Things were different when we examined the suicide series in girls of the same age. Here we found a significant trend in suicide that was primarily linear in form (R2 = .244) as the trends in Fig 1 would suggest. However, there was no significant auto-correlation in the first three lags. We again found a positive but, in this case, non-significant increase in April that was not presaged by an increase in March, B = .073, 95% CI = -.011, .157 (see Fig 3). Girls also displayed many departures from trend during the latter half of this time frame, adding uncertainty to the source of the April 2017 peak.
Discussion
My analysis of suicide trends examined [1] in boys and girls ages 10 to 17 over a 60-month period raises concerns about attributing contagion effects to the first season of the television series 13RW. This analysis suggests that it is difficult to attribute the rise in male suicide in April 2017 to the show, especially considering that males were not the audience at risk of contagion. Furthermore, the increase in April was not different from the increase that occurred in March before the show was released, again suggesting that other factors were at play in those two months. Finally, Bridge et al. attributed elevations in suicide much past the month of the show’s release, but these changes were more likely attributable to the large increase in suicide observed in boys for the year of 2017, a trend that had started in 2008. Thus, it is equally if not more likely that the rise in those two months was attributable to other sources that were responsible for the large increase in 2017.
Despite the highly variable trend in suicide for girls, the positive but non-statistically significant increase in the month of the show’s release is more convincing of a possible contagion effect than the Bridge et al. finding for boys. This conclusion seems plausible considering that the show was more likely to affect girls adversely even though some girls may have benefited from the show [9]. Our analysis also illustrates the difficulty of separating Werther from Papageno effects in suicide contagion. There may well have been more Werther than Papageno effects of the first season but identifying that effect in aggregate is difficult [12]. Similar concerns are applicable to another study that examined the effects of the first season of 13RW [13].

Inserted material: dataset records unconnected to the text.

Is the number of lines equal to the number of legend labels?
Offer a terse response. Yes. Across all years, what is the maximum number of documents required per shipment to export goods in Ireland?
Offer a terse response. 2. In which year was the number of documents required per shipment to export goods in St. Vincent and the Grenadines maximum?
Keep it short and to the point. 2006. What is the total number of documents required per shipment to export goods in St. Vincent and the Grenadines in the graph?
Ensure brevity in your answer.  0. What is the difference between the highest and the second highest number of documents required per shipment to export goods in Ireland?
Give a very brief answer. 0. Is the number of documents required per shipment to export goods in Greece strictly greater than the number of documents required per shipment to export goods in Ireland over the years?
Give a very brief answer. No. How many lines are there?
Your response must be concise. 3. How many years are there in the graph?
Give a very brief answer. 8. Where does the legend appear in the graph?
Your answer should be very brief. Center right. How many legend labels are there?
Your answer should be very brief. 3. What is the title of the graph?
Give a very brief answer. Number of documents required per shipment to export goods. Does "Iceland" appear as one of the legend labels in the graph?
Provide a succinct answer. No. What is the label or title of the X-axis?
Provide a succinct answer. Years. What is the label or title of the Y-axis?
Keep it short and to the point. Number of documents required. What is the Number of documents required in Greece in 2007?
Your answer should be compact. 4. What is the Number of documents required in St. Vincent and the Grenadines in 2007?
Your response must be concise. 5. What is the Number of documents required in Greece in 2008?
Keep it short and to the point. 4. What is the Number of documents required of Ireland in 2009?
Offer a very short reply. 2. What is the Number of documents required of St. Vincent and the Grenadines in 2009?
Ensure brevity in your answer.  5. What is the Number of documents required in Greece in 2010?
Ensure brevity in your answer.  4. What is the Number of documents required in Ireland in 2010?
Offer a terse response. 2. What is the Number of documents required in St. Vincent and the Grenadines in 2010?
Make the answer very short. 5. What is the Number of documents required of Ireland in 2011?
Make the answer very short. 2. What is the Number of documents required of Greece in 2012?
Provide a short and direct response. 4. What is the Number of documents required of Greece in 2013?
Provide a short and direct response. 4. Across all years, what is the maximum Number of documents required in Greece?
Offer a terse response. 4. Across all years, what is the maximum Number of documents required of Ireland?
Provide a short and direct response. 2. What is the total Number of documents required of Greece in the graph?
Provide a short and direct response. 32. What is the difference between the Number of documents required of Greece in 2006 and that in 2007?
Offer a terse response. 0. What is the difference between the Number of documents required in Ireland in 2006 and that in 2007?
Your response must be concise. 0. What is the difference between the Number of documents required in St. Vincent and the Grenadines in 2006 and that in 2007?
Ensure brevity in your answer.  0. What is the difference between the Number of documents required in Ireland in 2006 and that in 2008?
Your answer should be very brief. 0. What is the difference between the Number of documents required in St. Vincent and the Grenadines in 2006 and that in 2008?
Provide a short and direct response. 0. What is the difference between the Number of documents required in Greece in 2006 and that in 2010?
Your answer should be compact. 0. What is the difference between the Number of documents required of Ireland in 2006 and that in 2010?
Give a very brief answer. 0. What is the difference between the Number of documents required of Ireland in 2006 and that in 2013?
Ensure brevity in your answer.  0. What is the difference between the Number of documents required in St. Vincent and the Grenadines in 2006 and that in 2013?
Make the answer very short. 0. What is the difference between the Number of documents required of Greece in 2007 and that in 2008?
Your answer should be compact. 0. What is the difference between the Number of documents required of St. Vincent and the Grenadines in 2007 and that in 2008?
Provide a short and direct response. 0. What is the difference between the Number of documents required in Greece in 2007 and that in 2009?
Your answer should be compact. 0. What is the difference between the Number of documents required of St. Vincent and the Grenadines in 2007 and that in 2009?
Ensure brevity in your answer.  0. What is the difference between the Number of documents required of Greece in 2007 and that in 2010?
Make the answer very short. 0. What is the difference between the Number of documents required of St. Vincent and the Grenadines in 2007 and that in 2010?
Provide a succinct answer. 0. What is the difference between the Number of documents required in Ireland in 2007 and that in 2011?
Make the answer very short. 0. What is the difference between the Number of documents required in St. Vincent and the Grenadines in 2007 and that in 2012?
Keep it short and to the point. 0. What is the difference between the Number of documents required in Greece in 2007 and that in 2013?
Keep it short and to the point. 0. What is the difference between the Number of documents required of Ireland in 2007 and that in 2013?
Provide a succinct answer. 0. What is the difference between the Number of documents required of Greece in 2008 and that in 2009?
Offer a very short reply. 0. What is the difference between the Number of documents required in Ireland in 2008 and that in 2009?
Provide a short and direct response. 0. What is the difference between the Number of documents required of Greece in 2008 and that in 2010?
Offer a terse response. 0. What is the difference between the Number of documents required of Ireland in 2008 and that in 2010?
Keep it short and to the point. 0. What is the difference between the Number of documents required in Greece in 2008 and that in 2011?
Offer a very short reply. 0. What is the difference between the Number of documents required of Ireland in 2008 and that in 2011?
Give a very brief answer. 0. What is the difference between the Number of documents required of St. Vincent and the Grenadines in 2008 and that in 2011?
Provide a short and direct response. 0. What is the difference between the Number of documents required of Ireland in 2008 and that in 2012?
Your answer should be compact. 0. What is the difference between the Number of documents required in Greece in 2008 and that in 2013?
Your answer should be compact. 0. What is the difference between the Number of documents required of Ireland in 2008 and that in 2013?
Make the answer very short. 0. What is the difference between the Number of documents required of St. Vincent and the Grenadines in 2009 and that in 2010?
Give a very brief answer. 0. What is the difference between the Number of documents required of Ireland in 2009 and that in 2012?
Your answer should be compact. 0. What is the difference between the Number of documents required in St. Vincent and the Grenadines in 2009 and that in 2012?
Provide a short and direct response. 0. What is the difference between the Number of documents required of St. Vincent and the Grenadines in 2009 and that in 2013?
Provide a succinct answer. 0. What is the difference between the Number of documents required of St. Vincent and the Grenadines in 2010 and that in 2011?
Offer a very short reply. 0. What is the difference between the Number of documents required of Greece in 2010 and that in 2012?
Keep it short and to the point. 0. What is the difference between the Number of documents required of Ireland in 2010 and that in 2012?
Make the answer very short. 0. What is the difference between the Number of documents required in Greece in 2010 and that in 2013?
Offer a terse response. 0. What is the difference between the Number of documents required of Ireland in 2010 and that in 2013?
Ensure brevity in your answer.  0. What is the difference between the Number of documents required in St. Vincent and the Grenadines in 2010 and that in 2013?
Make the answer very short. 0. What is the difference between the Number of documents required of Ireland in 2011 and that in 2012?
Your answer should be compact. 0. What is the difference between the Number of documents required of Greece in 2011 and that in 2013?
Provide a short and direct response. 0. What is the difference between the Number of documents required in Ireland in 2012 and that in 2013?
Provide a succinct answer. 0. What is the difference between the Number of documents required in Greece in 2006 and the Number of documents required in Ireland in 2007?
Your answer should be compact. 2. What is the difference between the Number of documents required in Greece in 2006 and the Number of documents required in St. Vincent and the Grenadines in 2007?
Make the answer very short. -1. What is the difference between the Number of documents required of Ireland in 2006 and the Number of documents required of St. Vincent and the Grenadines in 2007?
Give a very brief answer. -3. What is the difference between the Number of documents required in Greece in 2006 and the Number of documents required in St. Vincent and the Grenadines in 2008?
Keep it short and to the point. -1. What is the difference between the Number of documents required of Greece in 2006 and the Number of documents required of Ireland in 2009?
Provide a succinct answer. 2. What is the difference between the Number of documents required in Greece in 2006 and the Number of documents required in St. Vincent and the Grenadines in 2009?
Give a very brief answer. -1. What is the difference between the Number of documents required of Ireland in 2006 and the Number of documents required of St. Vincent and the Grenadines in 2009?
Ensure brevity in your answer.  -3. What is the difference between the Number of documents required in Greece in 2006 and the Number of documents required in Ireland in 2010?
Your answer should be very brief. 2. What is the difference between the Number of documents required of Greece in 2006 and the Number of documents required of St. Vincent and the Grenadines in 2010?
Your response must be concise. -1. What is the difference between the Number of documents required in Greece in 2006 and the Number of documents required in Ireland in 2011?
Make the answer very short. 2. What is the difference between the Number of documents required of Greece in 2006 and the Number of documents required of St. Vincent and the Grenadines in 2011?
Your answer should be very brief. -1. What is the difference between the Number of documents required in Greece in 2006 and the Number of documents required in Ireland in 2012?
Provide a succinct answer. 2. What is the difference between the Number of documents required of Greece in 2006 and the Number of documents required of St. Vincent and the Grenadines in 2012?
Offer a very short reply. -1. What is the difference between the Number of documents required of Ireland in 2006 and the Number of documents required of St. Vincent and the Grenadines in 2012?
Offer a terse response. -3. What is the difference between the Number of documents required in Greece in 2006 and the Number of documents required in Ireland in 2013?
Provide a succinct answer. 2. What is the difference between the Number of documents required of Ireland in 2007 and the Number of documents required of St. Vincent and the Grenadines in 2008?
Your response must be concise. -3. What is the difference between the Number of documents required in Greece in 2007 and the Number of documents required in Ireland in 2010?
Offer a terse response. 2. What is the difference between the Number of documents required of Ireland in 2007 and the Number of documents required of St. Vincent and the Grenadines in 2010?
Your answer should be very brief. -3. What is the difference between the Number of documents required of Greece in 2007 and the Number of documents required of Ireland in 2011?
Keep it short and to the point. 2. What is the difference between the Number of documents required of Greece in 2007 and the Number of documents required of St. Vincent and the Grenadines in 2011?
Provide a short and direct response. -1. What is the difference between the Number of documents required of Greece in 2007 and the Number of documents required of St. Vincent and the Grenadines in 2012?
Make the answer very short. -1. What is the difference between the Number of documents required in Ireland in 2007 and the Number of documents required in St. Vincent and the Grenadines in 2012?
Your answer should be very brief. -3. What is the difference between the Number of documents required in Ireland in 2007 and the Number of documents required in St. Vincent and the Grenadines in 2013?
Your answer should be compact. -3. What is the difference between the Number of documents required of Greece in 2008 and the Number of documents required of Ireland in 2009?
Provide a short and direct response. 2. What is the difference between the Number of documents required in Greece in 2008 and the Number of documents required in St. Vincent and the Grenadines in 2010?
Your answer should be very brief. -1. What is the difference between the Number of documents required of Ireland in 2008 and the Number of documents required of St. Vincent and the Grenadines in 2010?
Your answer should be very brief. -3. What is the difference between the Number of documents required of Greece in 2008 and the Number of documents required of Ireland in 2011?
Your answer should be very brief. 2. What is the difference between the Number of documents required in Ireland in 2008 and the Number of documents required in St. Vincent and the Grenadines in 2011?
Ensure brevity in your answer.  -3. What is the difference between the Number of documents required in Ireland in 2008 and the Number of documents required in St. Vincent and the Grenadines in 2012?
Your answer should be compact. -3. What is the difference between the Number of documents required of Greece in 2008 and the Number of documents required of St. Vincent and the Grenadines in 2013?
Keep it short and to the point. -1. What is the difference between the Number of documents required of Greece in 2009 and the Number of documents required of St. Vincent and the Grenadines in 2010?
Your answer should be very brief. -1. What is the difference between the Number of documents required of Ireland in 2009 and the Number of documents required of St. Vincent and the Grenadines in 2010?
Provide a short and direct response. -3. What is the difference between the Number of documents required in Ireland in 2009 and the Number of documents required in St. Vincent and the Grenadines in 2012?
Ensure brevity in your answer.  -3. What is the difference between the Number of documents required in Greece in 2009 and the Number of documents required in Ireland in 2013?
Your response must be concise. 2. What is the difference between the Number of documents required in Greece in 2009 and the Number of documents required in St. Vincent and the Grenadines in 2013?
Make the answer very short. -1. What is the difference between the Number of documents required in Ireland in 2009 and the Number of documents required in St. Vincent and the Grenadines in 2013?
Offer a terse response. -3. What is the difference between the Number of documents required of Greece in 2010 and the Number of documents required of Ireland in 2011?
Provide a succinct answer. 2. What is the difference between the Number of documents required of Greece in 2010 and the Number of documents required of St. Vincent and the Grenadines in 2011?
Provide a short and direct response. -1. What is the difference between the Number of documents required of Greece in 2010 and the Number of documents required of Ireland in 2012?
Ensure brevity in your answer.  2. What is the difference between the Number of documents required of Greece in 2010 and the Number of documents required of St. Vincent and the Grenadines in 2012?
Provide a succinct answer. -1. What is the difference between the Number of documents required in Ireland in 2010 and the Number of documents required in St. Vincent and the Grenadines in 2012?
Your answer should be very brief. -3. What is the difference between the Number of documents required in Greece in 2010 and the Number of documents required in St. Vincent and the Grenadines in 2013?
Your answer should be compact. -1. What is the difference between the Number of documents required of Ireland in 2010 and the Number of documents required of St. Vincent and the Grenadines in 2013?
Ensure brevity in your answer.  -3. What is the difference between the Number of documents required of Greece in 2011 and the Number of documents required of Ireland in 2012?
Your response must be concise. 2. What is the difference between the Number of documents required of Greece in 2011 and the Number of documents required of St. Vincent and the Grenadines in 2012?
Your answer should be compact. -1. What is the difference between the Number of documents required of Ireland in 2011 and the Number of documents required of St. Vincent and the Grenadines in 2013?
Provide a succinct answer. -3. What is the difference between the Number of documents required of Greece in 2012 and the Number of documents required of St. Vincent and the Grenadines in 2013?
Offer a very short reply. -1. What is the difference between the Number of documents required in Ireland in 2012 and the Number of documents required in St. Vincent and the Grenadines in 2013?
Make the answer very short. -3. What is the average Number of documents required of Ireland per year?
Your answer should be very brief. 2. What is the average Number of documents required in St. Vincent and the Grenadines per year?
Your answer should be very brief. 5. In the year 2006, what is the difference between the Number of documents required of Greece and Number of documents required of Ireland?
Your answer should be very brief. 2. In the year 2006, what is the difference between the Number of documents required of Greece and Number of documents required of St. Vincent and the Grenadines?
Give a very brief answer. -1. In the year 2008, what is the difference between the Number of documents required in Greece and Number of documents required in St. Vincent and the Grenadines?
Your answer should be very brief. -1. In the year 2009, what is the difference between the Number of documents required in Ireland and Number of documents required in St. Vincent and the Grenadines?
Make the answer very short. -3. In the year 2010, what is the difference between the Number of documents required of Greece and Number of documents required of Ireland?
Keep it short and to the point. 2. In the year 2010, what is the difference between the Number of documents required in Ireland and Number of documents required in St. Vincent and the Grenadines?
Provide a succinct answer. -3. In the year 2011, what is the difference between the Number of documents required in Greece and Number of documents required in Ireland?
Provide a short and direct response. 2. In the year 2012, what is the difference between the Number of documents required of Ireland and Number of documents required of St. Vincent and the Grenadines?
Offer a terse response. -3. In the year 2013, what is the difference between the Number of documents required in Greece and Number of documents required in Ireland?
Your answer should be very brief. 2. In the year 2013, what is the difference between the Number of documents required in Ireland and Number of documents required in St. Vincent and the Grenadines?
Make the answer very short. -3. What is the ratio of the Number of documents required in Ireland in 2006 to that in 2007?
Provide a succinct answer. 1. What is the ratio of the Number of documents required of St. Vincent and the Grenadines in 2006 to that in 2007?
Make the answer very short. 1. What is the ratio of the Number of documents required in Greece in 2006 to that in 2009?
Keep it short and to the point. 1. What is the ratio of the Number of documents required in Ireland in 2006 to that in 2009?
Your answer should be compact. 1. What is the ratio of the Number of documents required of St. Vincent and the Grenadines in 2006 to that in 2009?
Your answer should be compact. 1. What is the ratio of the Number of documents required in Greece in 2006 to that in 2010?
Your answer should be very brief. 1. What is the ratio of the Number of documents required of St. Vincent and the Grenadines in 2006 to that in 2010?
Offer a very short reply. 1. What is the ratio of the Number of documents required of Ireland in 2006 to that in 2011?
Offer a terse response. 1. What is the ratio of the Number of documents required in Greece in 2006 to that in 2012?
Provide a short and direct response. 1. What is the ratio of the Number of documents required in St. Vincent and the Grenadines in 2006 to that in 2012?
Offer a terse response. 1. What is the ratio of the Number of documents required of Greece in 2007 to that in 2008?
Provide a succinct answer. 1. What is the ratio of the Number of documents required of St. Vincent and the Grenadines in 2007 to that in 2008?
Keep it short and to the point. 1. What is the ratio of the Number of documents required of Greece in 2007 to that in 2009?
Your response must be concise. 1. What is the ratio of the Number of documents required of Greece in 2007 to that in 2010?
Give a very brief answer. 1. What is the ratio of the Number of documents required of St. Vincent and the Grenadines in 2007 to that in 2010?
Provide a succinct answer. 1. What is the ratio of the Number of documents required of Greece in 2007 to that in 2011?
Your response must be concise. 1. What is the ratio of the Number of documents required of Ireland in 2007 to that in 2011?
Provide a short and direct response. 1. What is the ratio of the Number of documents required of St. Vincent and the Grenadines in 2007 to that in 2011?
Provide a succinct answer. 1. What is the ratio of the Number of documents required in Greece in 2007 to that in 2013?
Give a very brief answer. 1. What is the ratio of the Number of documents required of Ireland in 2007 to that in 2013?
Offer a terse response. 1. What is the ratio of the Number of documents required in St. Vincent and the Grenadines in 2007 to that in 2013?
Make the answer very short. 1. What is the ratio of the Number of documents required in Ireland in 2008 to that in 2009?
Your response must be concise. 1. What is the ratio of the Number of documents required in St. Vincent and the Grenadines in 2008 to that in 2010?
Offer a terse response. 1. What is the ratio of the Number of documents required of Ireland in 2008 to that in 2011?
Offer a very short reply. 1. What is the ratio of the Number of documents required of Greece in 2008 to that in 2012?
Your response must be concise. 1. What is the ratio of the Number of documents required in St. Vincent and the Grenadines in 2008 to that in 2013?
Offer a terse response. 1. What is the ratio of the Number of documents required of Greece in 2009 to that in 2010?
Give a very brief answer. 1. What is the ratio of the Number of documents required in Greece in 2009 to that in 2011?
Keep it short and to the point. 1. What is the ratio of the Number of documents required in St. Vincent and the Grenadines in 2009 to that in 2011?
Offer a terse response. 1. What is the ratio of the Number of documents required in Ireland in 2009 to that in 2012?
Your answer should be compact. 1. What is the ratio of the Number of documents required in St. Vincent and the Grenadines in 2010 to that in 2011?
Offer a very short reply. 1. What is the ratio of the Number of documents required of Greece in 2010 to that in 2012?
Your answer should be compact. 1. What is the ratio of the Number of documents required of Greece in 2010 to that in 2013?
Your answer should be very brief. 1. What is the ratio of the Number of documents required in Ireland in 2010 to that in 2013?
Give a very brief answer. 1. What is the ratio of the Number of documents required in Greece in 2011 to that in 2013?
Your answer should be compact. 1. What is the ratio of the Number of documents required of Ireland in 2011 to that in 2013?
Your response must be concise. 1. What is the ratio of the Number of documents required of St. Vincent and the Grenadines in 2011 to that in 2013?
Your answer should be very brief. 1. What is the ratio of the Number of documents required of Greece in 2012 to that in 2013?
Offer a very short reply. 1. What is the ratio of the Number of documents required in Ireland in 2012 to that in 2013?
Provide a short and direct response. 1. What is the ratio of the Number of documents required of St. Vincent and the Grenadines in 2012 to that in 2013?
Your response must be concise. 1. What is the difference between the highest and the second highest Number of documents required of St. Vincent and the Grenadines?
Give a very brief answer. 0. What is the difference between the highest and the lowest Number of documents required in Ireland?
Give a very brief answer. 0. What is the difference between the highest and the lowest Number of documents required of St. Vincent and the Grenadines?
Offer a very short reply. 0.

It is also possible that the effect for girls was more evident in self harm, a behavior that would not necessarily result in more suicide. An analysis of admissions to a hospital in Oklahoma following the release of the show indicated an increase in such behavior [6]. However, here again it would be important to control for trends in this behavior. There is also evidence that admissions to hospital emergency departments for self-injury have increased in recent years [14]. Without controlling for this secular trend and determining gender differences in self harm, it is not possible to confidently attribute changes in self-harm to the show.
One might ask why the Bridge et al. study attributed the April rise in boys to the show. Their analysis used a forecasting procedure to establish a baseline for evaluating changes in suicide in 2017. This forecast was notably insensitive to the secular change in suicide in youth and thus predicted a flat trend for 2017. As a result, their model attributed the increases during 2017 to the show rather than to the secular change. A similar procedure was used [6], which again raises concerns about the conclusions they drew about the show.
Limitations. Because the change in suicide observed for boys occurred one month before the show appeared, it will be important to analyze suicide trends at a more fine-grained level. For example, if weekly suicide rates were available in the US, this would enable one to determine whether the rise that was observed in March continued into the early part of April before the show would have been expected to have its greatest impact. On the other hand, if the March peak occurred early in the month and then subsided before the increase in April, that could suggest a contagion effect after the show appeared. An auto-regression model that takes into account secular trends in weekly suicide may be able to disentangle the effects of the show from other influences for both boys and girls.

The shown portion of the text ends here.